1. Reduce expenses as much as possible
I know this sounds logical and basic. But in order to manage a harsh reality, we all must hone our skills of cost cutting at every opportunity. We must become super thrifty ninjas. This is because our resources can commonly fall prey to death by a thousand cuts.
2. Asset/Liability Paradigm
One of the single most important lessons I learned from the Rich Dad, Poor Dad series of books was to always place your spending into one of two categories: Are you spending money on a liability or an asset.
Assets tend to go up in value over time and can immediately or eventually put money back in your pocket. Liabilities are the opposite and basically are a black hole that sucks money out of your accounts.
3. Have an Emergency Fund
The good times have been roaring now for a while as stocks and real estate have skyrocketed the last 10 years. Things are starting to change for various asset classes.
But we all know that the good times do not roll on forever. Something always happens, housing crash, dot com bubble, international conflict and disruptions, recession, etc. In addition to these outside factors, in our personal lives we run into a broken car, a major house or medical bill that can derail us.
Emergency funds are the walls and moats around your assets and wealth. You need protective barriers to weather a storm or attack.
4. Develop our skills
From what I am reading and researching, automation is coming for many jobs. This will only exacerbate income inequality.
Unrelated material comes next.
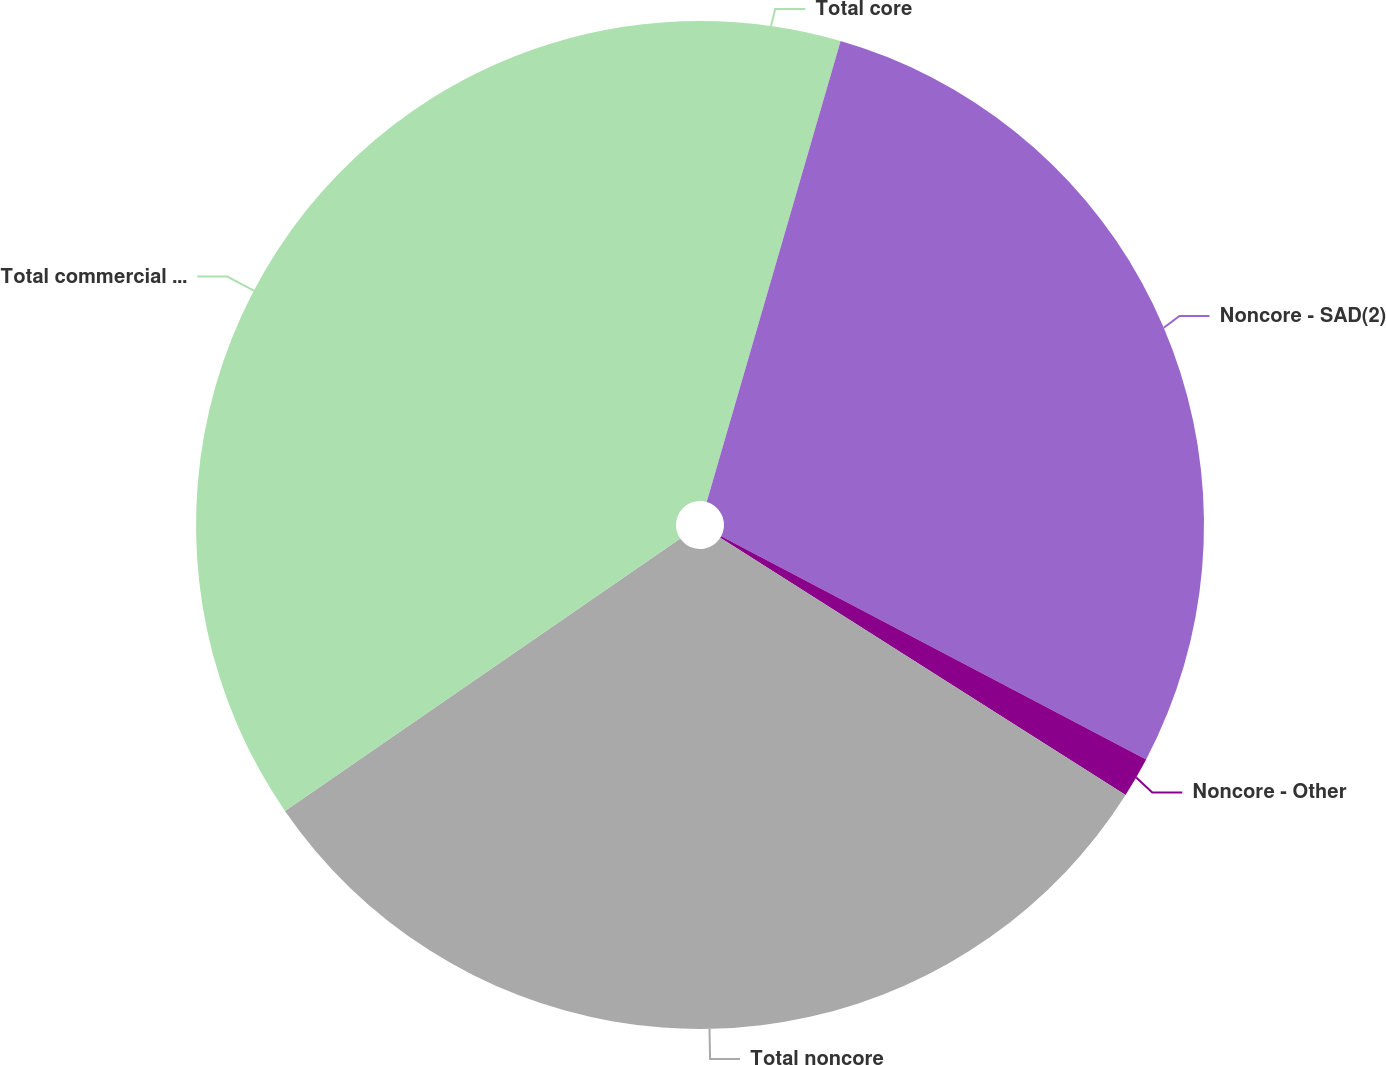Convert chart. <chart><loc_0><loc_0><loc_500><loc_500><pie_chart><fcel>Total core<fcel>Noncore - SAD(2)<fcel>Noncore - Other<fcel>Total noncore<fcel>Total commercial real estate<nl><fcel>4.5%<fcel>28.2%<fcel>1.3%<fcel>31.4%<fcel>34.6%<nl></chart>

This is because those with the capital (money) will also own and operate the robots.
On the other side, hopefully some of this automation will result in deep discounts in goods and services, but who knows. Without the right legal framework in place, we could be in trouble.
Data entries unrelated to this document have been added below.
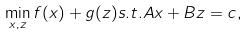<formula> <loc_0><loc_0><loc_500><loc_500>\min _ { x , z } f ( x ) + g ( z ) s . t . A x + B z = c ,</formula> 
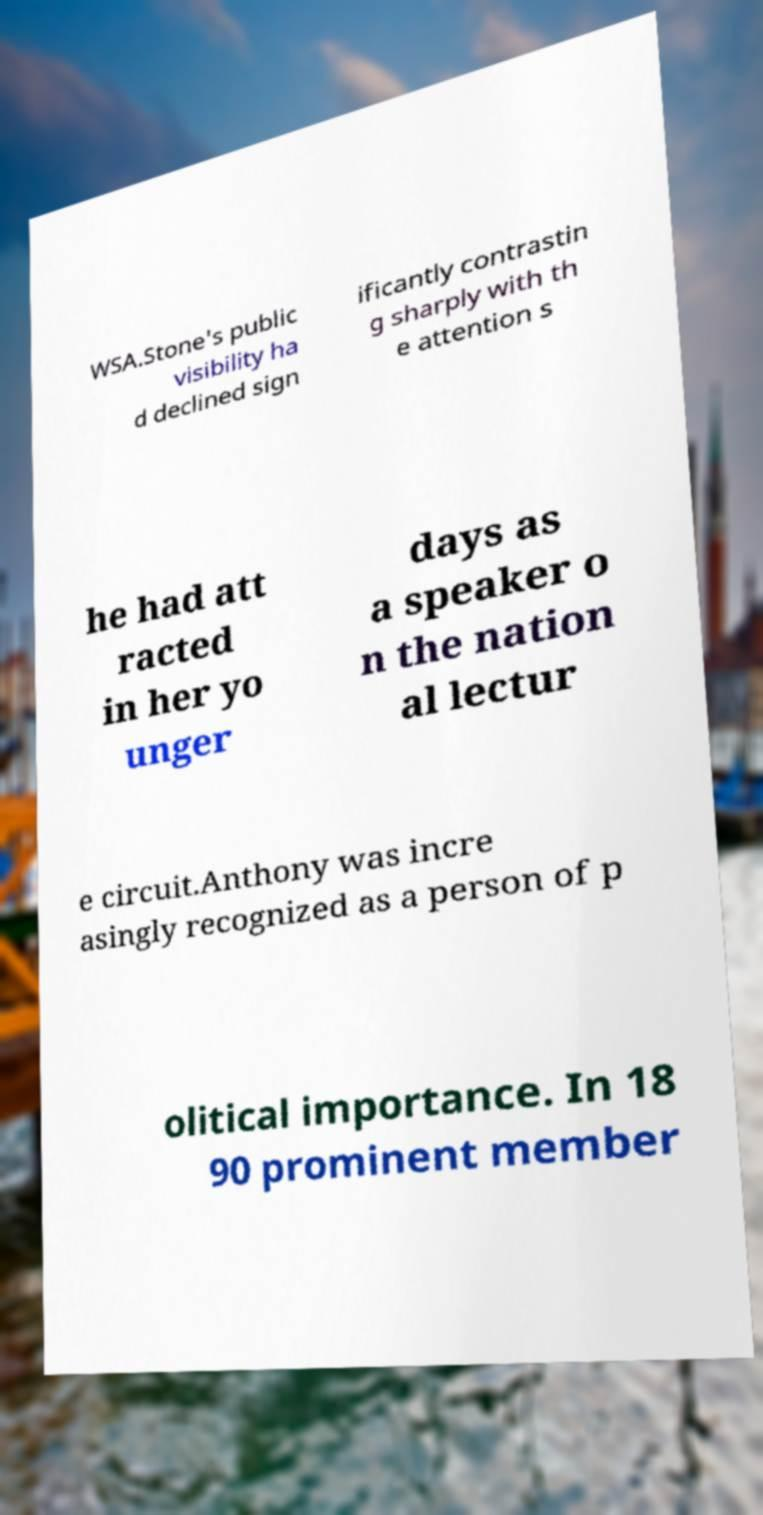Can you read and provide the text displayed in the image?This photo seems to have some interesting text. Can you extract and type it out for me? WSA.Stone's public visibility ha d declined sign ificantly contrastin g sharply with th e attention s he had att racted in her yo unger days as a speaker o n the nation al lectur e circuit.Anthony was incre asingly recognized as a person of p olitical importance. In 18 90 prominent member 
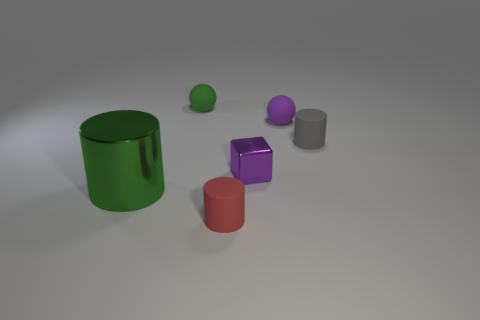The matte thing that is the same color as the small metallic object is what size?
Offer a very short reply. Small. There is a metal object on the left side of the small red rubber object; what is its color?
Your answer should be very brief. Green. There is a purple metallic object; does it have the same shape as the object that is in front of the large object?
Ensure brevity in your answer.  No. Are there any rubber things of the same color as the block?
Provide a short and direct response. Yes. There is a thing that is made of the same material as the large green cylinder; what is its size?
Give a very brief answer. Small. Does the small shiny object have the same color as the big shiny thing?
Offer a very short reply. No. Is the shape of the small purple thing in front of the gray object the same as  the red object?
Provide a short and direct response. No. How many red matte cylinders are the same size as the purple cube?
Offer a terse response. 1. What shape is the small thing that is the same color as the metal cube?
Offer a terse response. Sphere. There is a cylinder that is to the left of the red matte thing; are there any blocks on the left side of it?
Offer a terse response. No. 
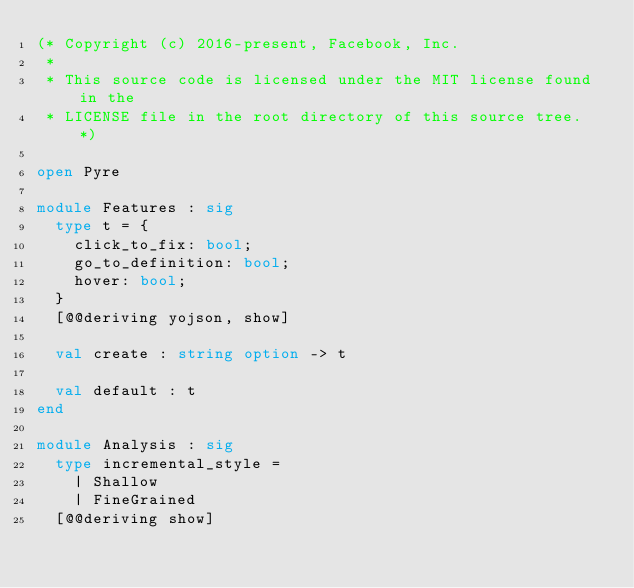Convert code to text. <code><loc_0><loc_0><loc_500><loc_500><_OCaml_>(* Copyright (c) 2016-present, Facebook, Inc.
 *
 * This source code is licensed under the MIT license found in the
 * LICENSE file in the root directory of this source tree. *)

open Pyre

module Features : sig
  type t = {
    click_to_fix: bool;
    go_to_definition: bool;
    hover: bool;
  }
  [@@deriving yojson, show]

  val create : string option -> t

  val default : t
end

module Analysis : sig
  type incremental_style =
    | Shallow
    | FineGrained
  [@@deriving show]
</code> 
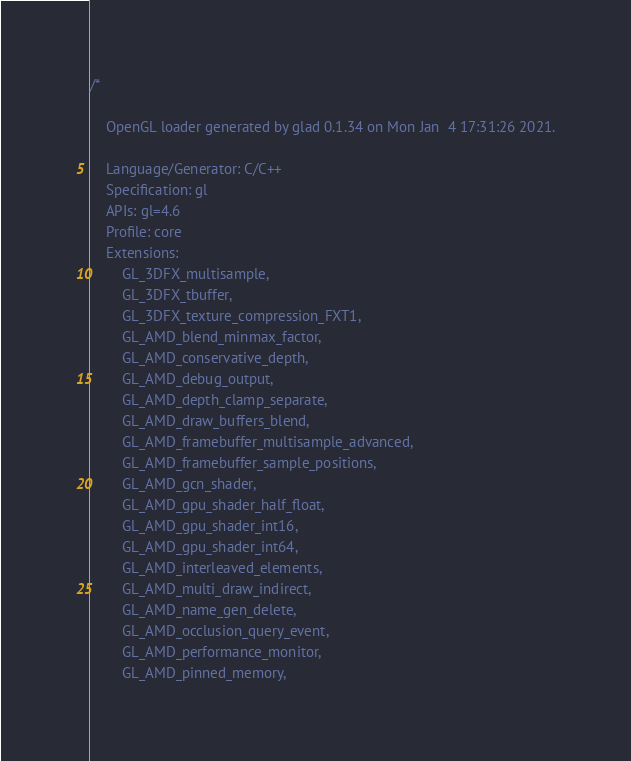<code> <loc_0><loc_0><loc_500><loc_500><_C_>/*

    OpenGL loader generated by glad 0.1.34 on Mon Jan  4 17:31:26 2021.

    Language/Generator: C/C++
    Specification: gl
    APIs: gl=4.6
    Profile: core
    Extensions:
        GL_3DFX_multisample,
        GL_3DFX_tbuffer,
        GL_3DFX_texture_compression_FXT1,
        GL_AMD_blend_minmax_factor,
        GL_AMD_conservative_depth,
        GL_AMD_debug_output,
        GL_AMD_depth_clamp_separate,
        GL_AMD_draw_buffers_blend,
        GL_AMD_framebuffer_multisample_advanced,
        GL_AMD_framebuffer_sample_positions,
        GL_AMD_gcn_shader,
        GL_AMD_gpu_shader_half_float,
        GL_AMD_gpu_shader_int16,
        GL_AMD_gpu_shader_int64,
        GL_AMD_interleaved_elements,
        GL_AMD_multi_draw_indirect,
        GL_AMD_name_gen_delete,
        GL_AMD_occlusion_query_event,
        GL_AMD_performance_monitor,
        GL_AMD_pinned_memory,</code>

A practical approach is to develop your soft skills and technical skills. Developing soft skills are things like communication, teamwork, time management, organization, emotional intelligence. These skills are more important than people imagine and harder to replicate by machines.
We can also continue to develop our technical expertise in our chosen field. Whatever field you work in, the mantra is to never stop learning. And the exciting thing in my view is that information is quite abundant now. We do not necessarily need to go to some expensive institution to learn things now.
5. Pay your family first
Think of your family unit as a business. Before paying all the bills, are you taking some profit and putting it in investments?
Most people pay all the bills and everyone else first. Then never get around to paying themselves.
This is best done when automated. Have a certain percentage of each paycheck automatically deposited into your low expense investment fund. In other words, pay your company first, then everyone else. And please do not forget to harness the power of Investing Trifecta to triple net worth.
These are some of major tried and true ways the middle class can thrive in a harsh environment. It will not be easy or perfect, but there is always hope.